Zhou also made comparisons with the Libra stablecoin by Facebook and claimed that traditional currencies wouldn’t be replaced by the digital yuan. He said that the CBDC could have a place in investments or trading, but it wouldn’t challenge any fiat currencies. Instead, he said that the purpose of using the digital yuan was to enhance accountability and transparency in the payments space. The asset will also boost foreign exchange and cross-border payments, areas where China is currently lagging. Even though Zhou has attempted to paint the Chinese CBDC as a friendly asset, the digital yuan has already ruffled some feathers in the United States.
The National Intelligence Director, John Ratcliffe had sent a letter to the Securities and Exchange Commission (SEC) last week regarding the national security threat posed by the digital yuan. According to the report, Ratcliffe offered to have his staff brief Jay Clayton, the Chairman of the SEC, about the national security issues that could surface due to China’s CBDC. Ratcliffe also said that another potential problem was the dominance of the country in crypto mining.

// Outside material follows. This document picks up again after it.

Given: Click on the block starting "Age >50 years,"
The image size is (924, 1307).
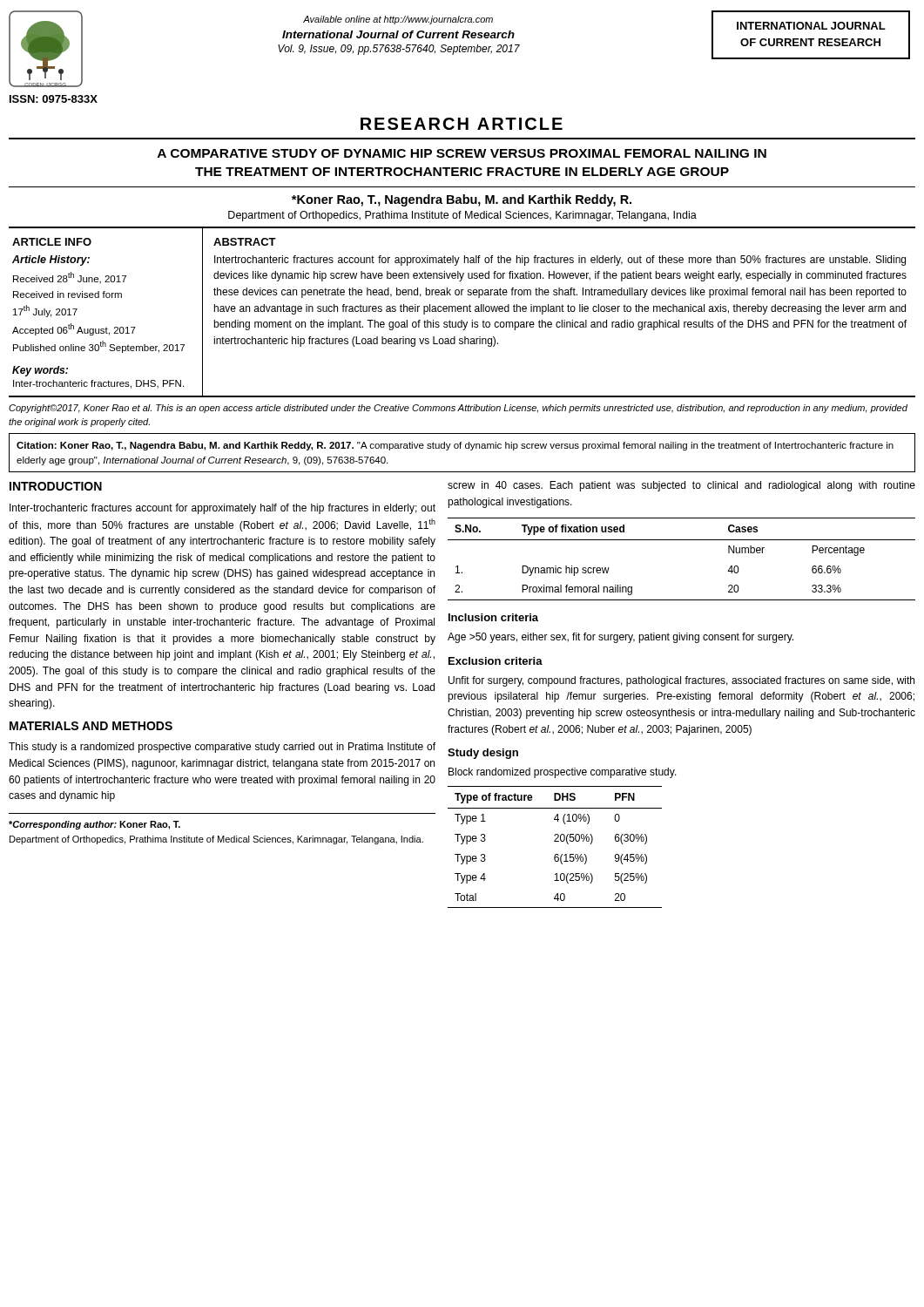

For decades, the dollar has held the position of being the global reserve currency and the greenback is used for settling most international trades. This allows the Federal Reserve to enjoy a great deal of flexibility when it comes to printing money, as there is significant demand for the currency outside of the United States. This reduces the possibility of hyperinflation. However, the dollar’s position in international trade could be threatened by the introduction of a successful digital yuan, as it might see a greater demand in the next few years.